150年前、欧米覇権が「黒船」に乗って押し寄せてきた。今は、アジアと世界の民意の奔流だ。これにどう対するか。それが問われていると思う。

■国益、主権、民意第一の奔流とトランプ暴流
今、世界は、国と民族を否定したグローバリズムの時代とは大きく変わった。自国の国益第一、主権第一の民意の奔流が世界を席巻している。

その勢いは、今年になっても収まっていない。イタリア、マレーシア、メキシコでの圧勝。シリアではアサド政権の勝利が確定的だ。だが、事は簡単ではない。と同時に顕著なのが今の時代を「エゴ」「独裁」「ポピュリズム」等々と見る声の高まりだ。国益はエゴ、主権は独裁、民意の進出はポピュリズム。その代表選手が米大統領、トランプだ。
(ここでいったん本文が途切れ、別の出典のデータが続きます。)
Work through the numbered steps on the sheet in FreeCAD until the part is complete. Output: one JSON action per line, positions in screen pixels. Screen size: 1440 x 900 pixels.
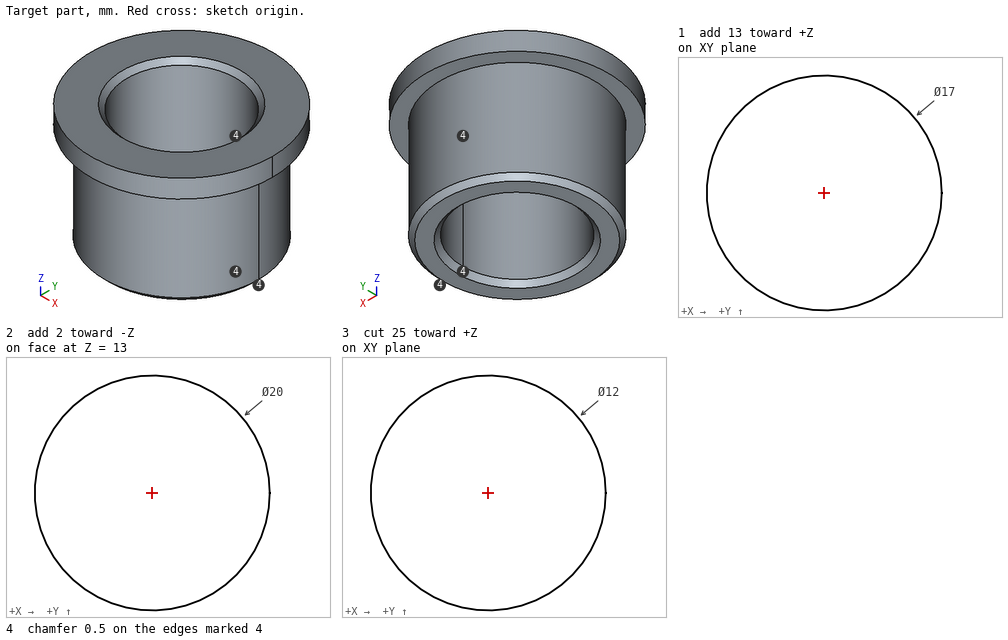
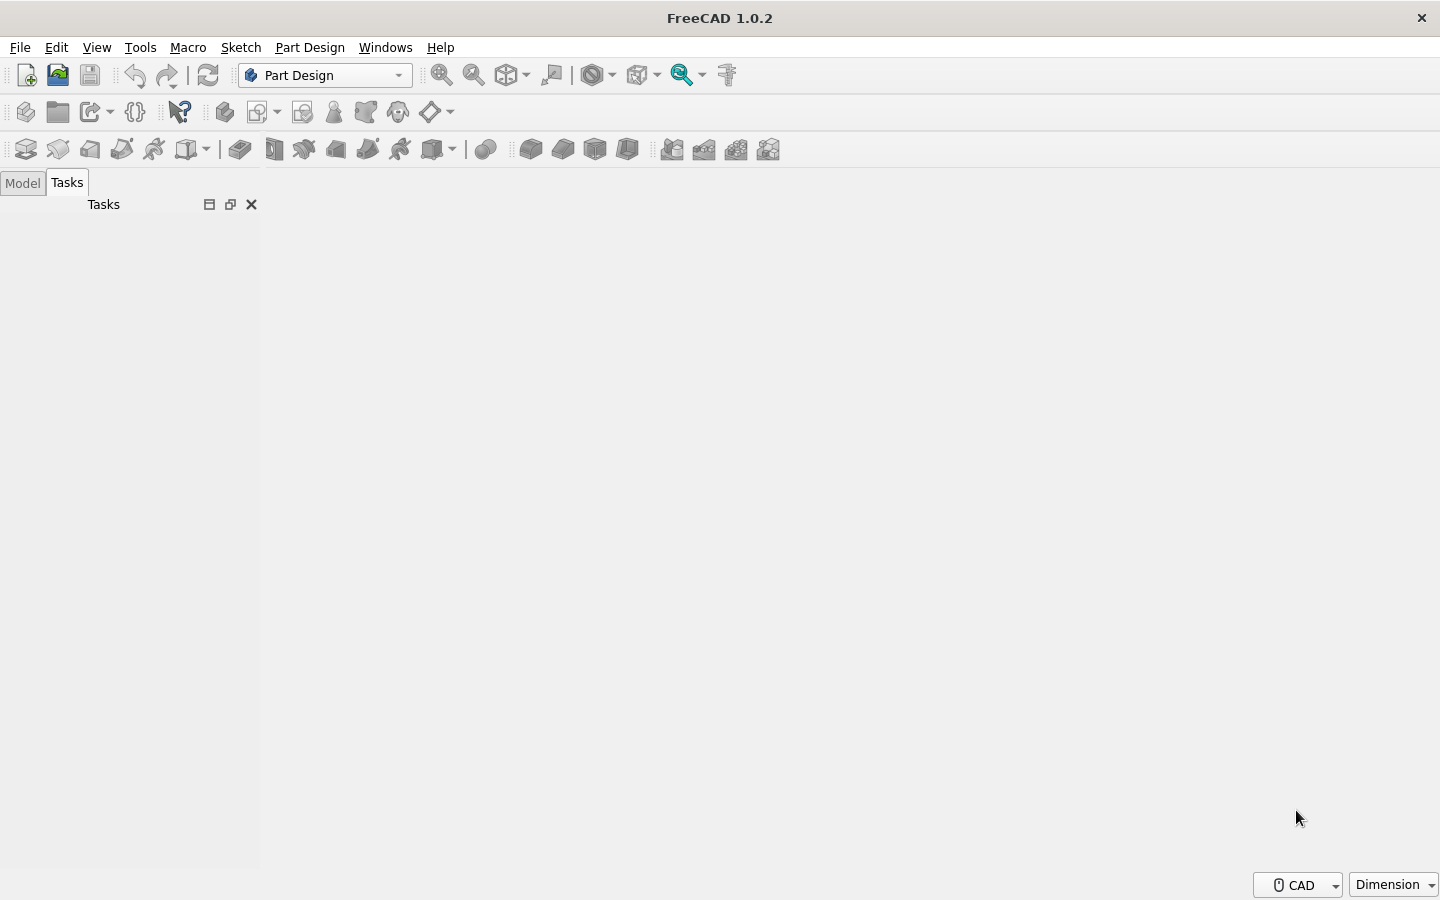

しかし、考えても見よう。広範な国民大衆が自分の国の国益を第一にし、その主権を守るのは間違ったことなのか。そして、それとトランプの言う「アメリカ・ファースト」は同じものなのか。

はっきりしているのは、両者は似て非なる別物だということだ。トランプの「アメリカ・ファースト」、それは、自国の国益を他国に押しつけ、世界の利益に背反する、国益ならぬ「エゴ」であり、世界各国の主権の上に君臨する、主権ならぬ「覇権」、民意に応えるのではなく、民意を利用する、「ポピュリズム」・独裁だ。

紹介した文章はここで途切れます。